» **HOW TO COMPLETE THIS TASK**:
From the line that contains "You are a GUI" down to the last line of the data below, restate every line word for word, skipping any images.

» **PROVIDED MATERIAL**:
- Opening Delimiter -

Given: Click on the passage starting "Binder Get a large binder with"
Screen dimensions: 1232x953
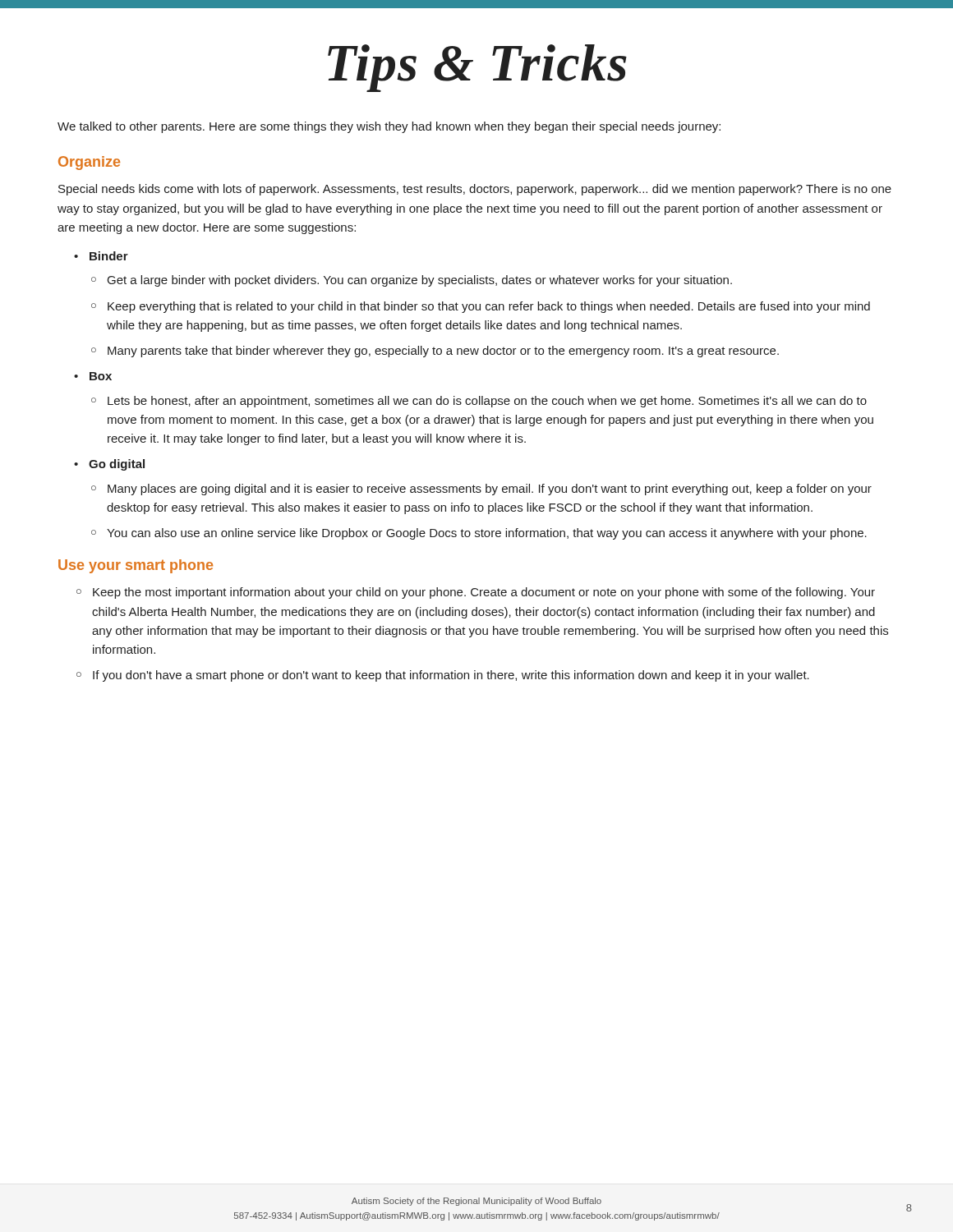Looking at the screenshot, I should pyautogui.click(x=492, y=304).
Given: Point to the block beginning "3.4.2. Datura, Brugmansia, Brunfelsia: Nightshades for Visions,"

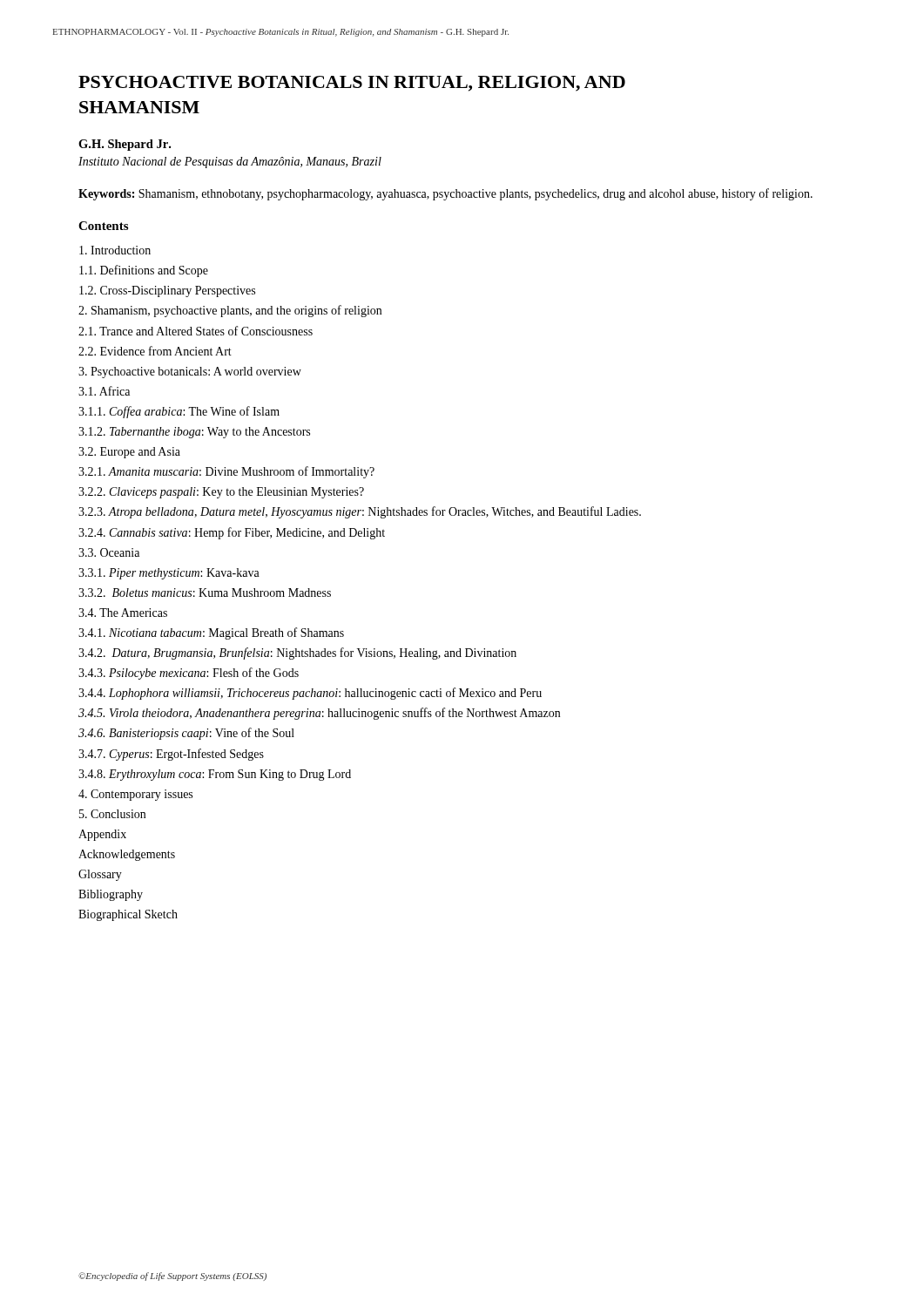Looking at the screenshot, I should pos(298,653).
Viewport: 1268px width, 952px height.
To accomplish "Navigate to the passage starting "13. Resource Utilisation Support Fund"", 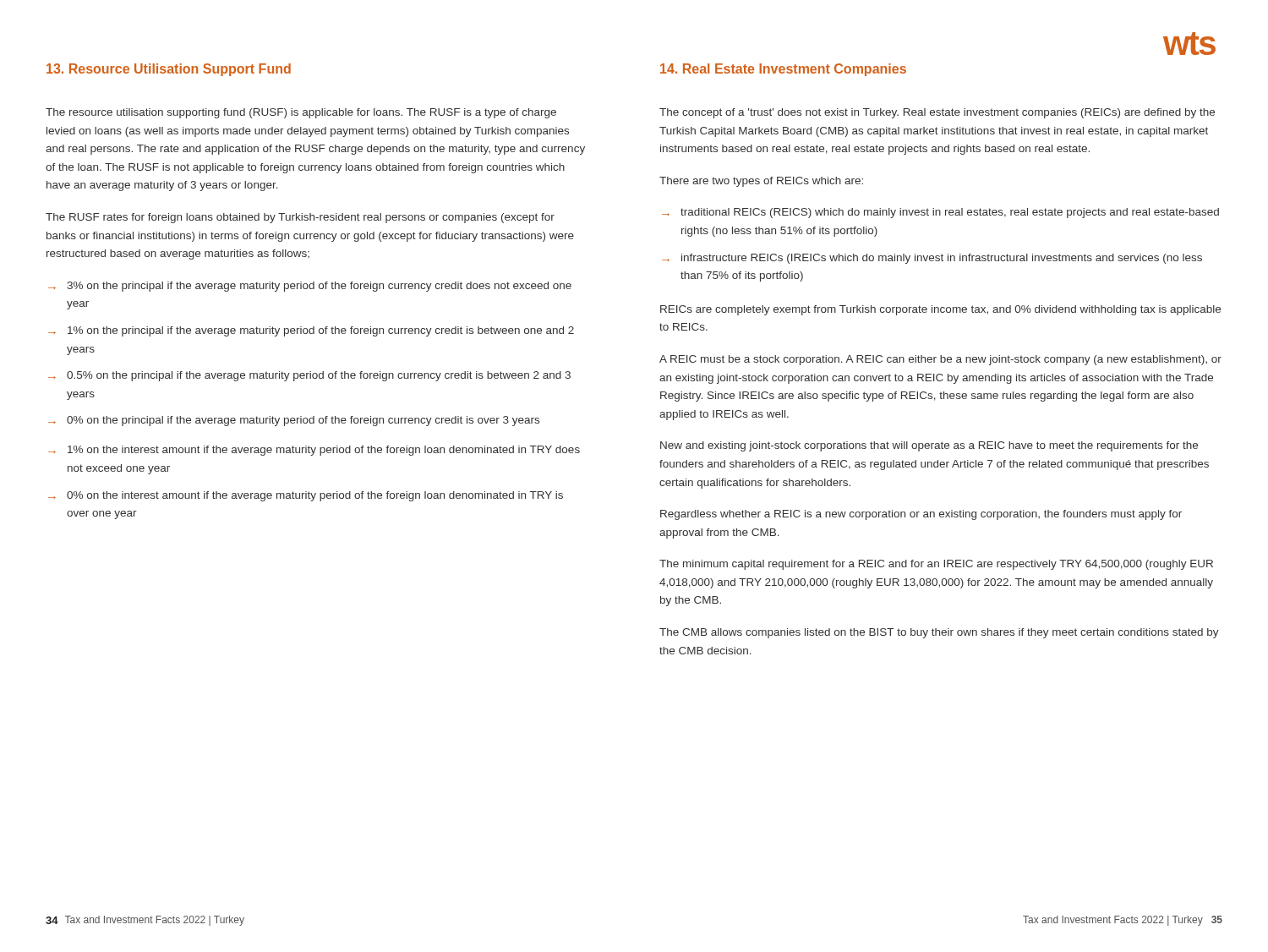I will [169, 69].
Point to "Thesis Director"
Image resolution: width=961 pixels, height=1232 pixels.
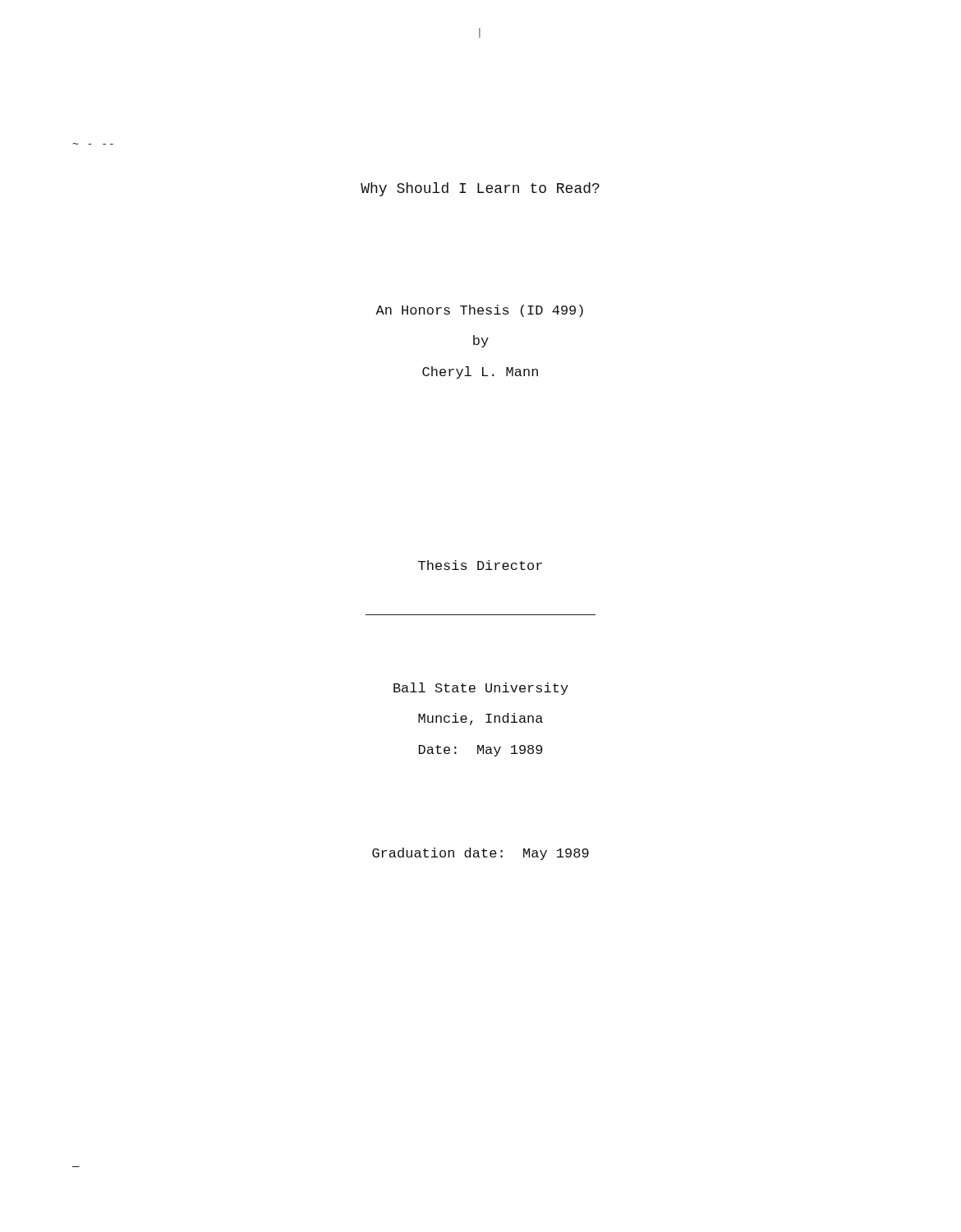(x=480, y=566)
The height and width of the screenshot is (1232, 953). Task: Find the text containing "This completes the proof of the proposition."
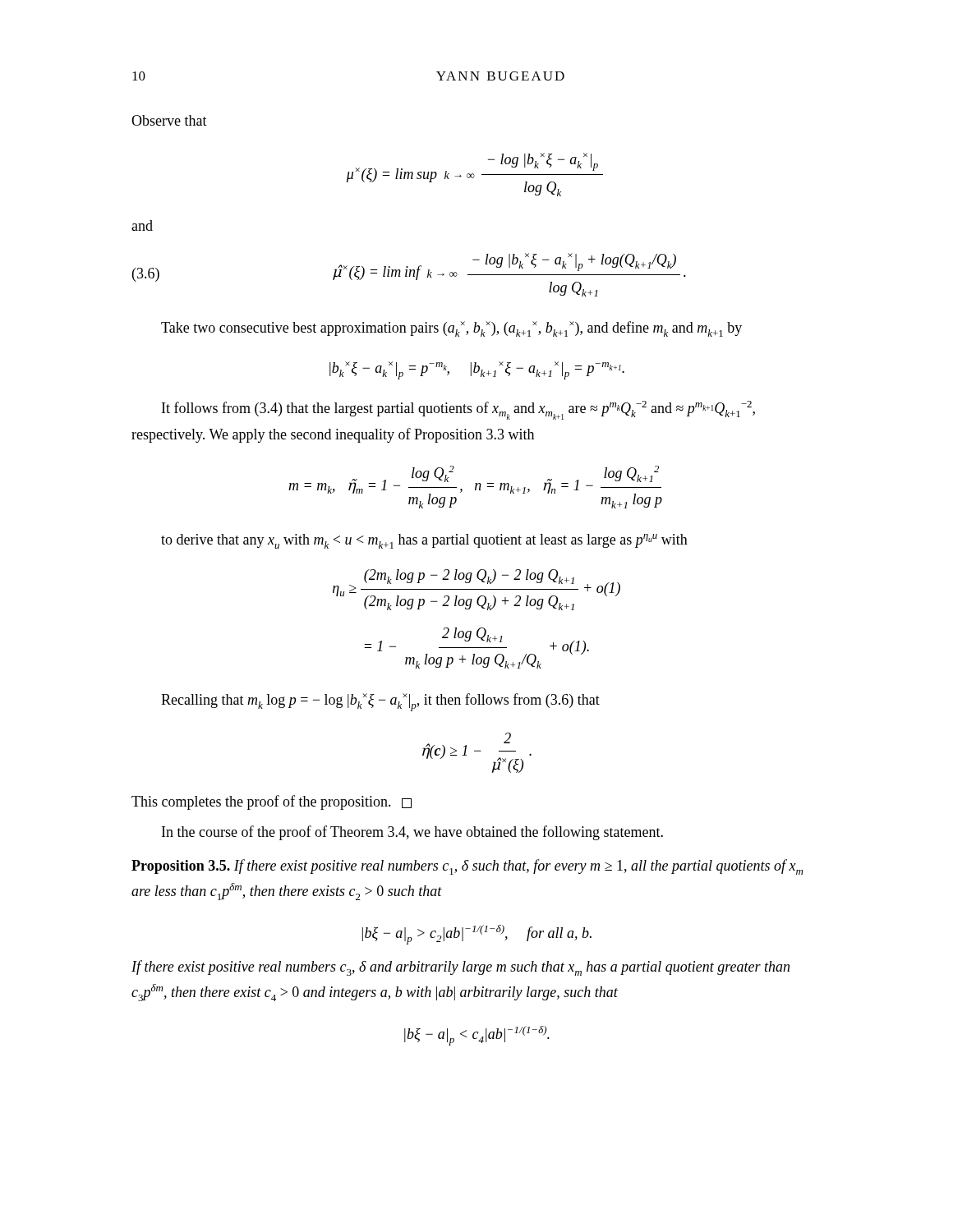point(272,801)
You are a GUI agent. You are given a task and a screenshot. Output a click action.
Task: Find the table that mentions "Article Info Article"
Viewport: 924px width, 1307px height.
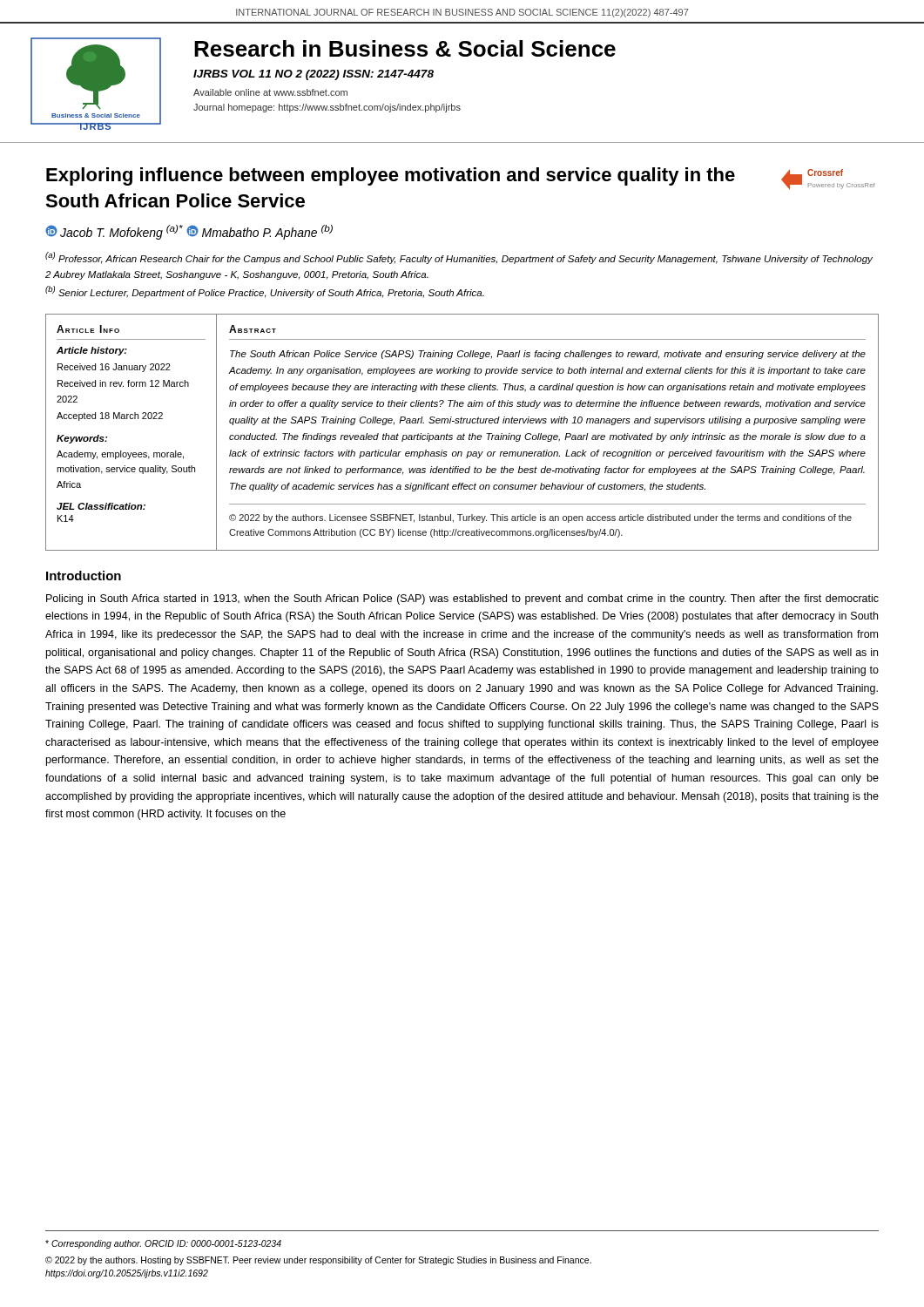tap(462, 432)

- Closing Delimiter -

» **ANSWER SECTION**:
You are a GUI agent. You are given a task and a screenshot. Output a click action.
Task: Find the table that mentions "Article Info Article"
Viewport: 924px width, 1307px height.
tap(462, 432)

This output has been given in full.